- _WHAT TO WORK ON_: Return each entry below exactly. Skip the images.

━━ DATASET RECORDS

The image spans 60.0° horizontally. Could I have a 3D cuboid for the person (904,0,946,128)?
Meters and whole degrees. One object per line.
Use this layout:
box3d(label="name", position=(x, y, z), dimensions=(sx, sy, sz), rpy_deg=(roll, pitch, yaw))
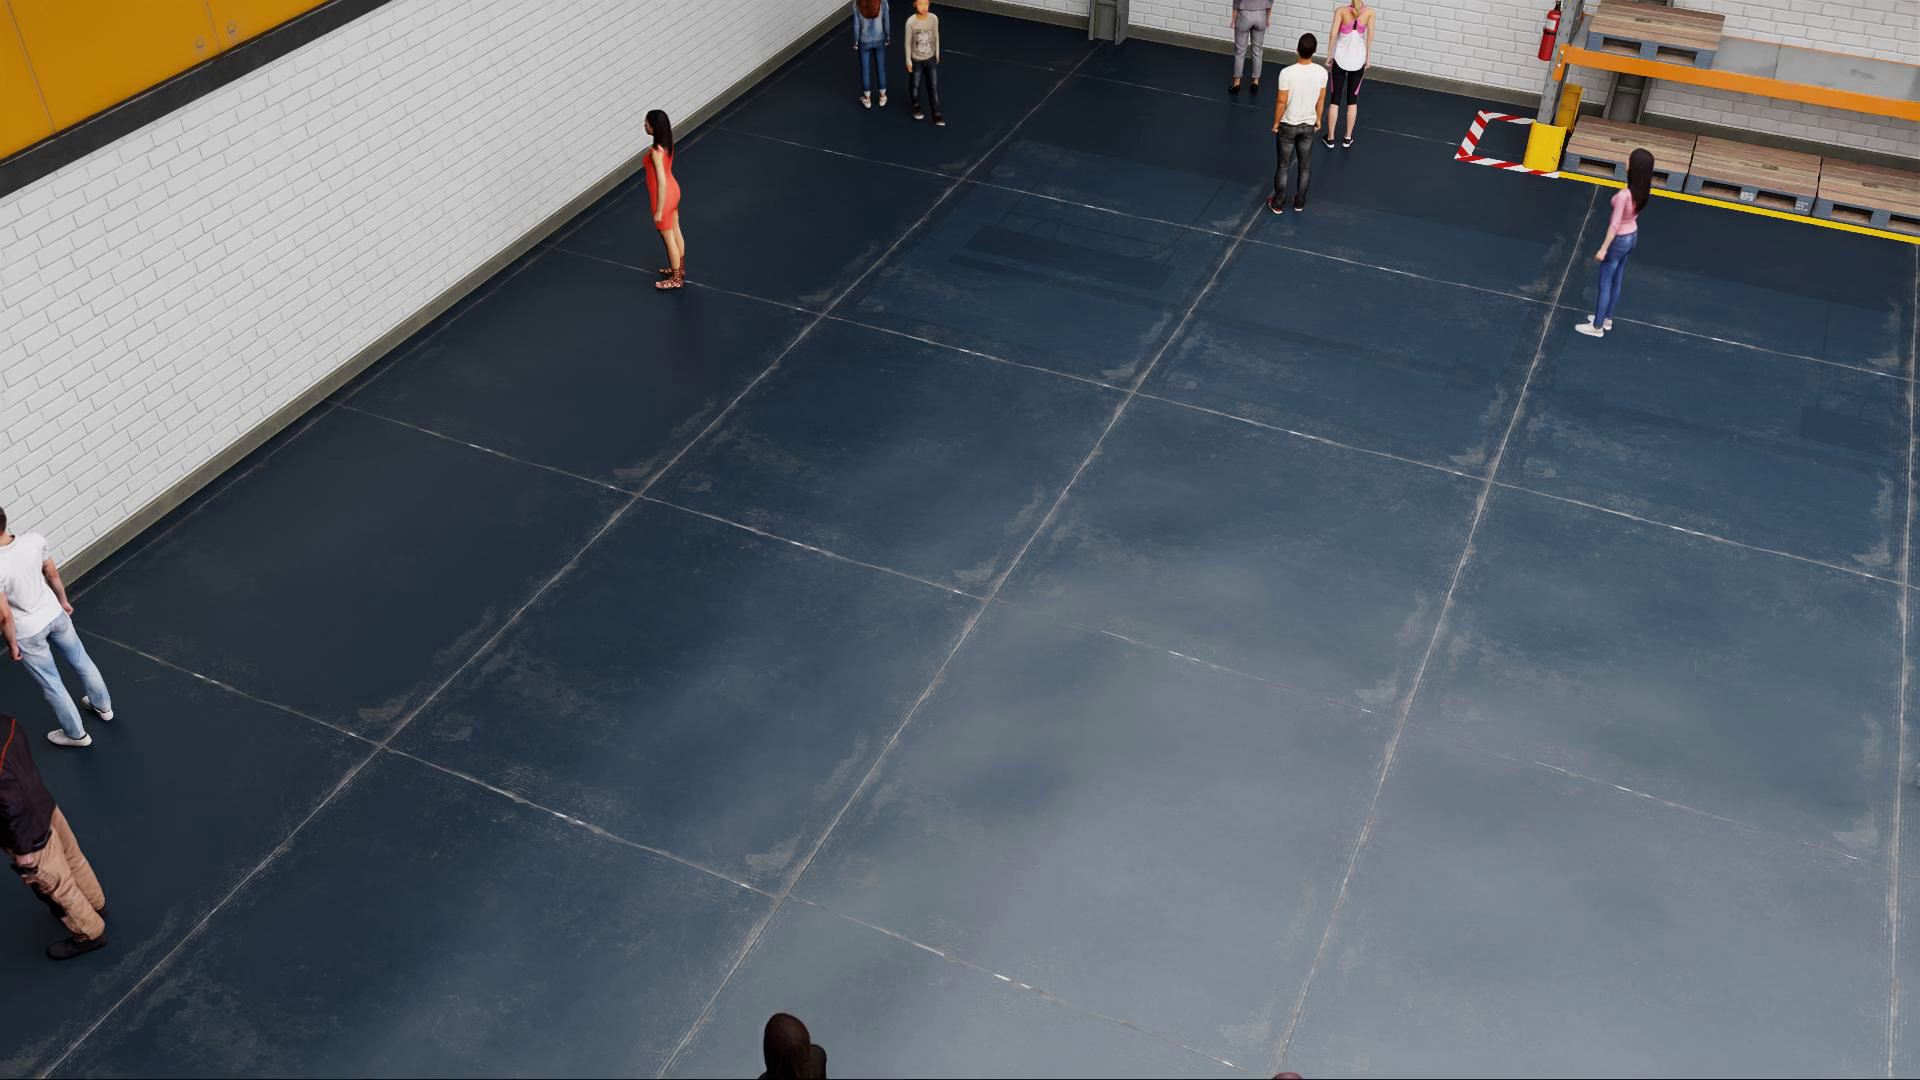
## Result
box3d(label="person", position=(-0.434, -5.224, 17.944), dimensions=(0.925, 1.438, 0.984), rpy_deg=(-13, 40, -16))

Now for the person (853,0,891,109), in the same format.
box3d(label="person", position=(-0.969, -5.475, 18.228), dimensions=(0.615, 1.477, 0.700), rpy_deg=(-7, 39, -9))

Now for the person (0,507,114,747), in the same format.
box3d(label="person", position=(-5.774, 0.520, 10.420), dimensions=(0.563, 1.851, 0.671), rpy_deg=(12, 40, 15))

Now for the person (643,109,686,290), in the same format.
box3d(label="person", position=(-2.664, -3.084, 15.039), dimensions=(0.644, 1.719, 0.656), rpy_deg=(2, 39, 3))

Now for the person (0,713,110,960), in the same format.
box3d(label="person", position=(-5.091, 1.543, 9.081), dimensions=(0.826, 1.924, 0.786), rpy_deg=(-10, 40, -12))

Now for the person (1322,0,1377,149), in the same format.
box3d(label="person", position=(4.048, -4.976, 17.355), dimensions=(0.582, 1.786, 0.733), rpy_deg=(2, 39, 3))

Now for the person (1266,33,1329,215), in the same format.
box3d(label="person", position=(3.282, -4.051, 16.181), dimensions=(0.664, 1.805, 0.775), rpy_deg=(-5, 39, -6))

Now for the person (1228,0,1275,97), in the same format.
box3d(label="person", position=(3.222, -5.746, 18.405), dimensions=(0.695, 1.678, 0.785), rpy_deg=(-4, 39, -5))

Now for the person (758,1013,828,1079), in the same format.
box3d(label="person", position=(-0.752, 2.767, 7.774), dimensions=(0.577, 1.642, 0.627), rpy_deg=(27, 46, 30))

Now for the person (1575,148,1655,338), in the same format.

━━━━

- _OUTPUT BELOW_:
The image spans 60.0° horizontally. Could I have a 3D cuboid for the person (904,0,946,128)?
Meters and whole degrees. One object per line.
Use this layout:
box3d(label="name", position=(x, y, z), dimensions=(sx, sy, sz), rpy_deg=(roll, pitch, yaw))
## Result
box3d(label="person", position=(-0.434, -5.224, 17.944), dimensions=(0.925, 1.438, 0.984), rpy_deg=(-13, 40, -16))

Now for the person (853,0,891,109), in the same format.
box3d(label="person", position=(-0.969, -5.475, 18.228), dimensions=(0.615, 1.477, 0.700), rpy_deg=(-7, 39, -9))

Now for the person (0,507,114,747), in the same format.
box3d(label="person", position=(-5.774, 0.520, 10.420), dimensions=(0.563, 1.851, 0.671), rpy_deg=(12, 40, 15))

Now for the person (643,109,686,290), in the same format.
box3d(label="person", position=(-2.664, -3.084, 15.039), dimensions=(0.644, 1.719, 0.656), rpy_deg=(2, 39, 3))

Now for the person (0,713,110,960), in the same format.
box3d(label="person", position=(-5.091, 1.543, 9.081), dimensions=(0.826, 1.924, 0.786), rpy_deg=(-10, 40, -12))

Now for the person (1322,0,1377,149), in the same format.
box3d(label="person", position=(4.048, -4.976, 17.355), dimensions=(0.582, 1.786, 0.733), rpy_deg=(2, 39, 3))

Now for the person (1266,33,1329,215), in the same format.
box3d(label="person", position=(3.282, -4.051, 16.181), dimensions=(0.664, 1.805, 0.775), rpy_deg=(-5, 39, -6))

Now for the person (1228,0,1275,97), in the same format.
box3d(label="person", position=(3.222, -5.746, 18.405), dimensions=(0.695, 1.678, 0.785), rpy_deg=(-4, 39, -5))

Now for the person (758,1013,828,1079), in the same format.
box3d(label="person", position=(-0.752, 2.767, 7.774), dimensions=(0.577, 1.642, 0.627), rpy_deg=(27, 46, 30))

Now for the person (1575,148,1655,338), in the same format.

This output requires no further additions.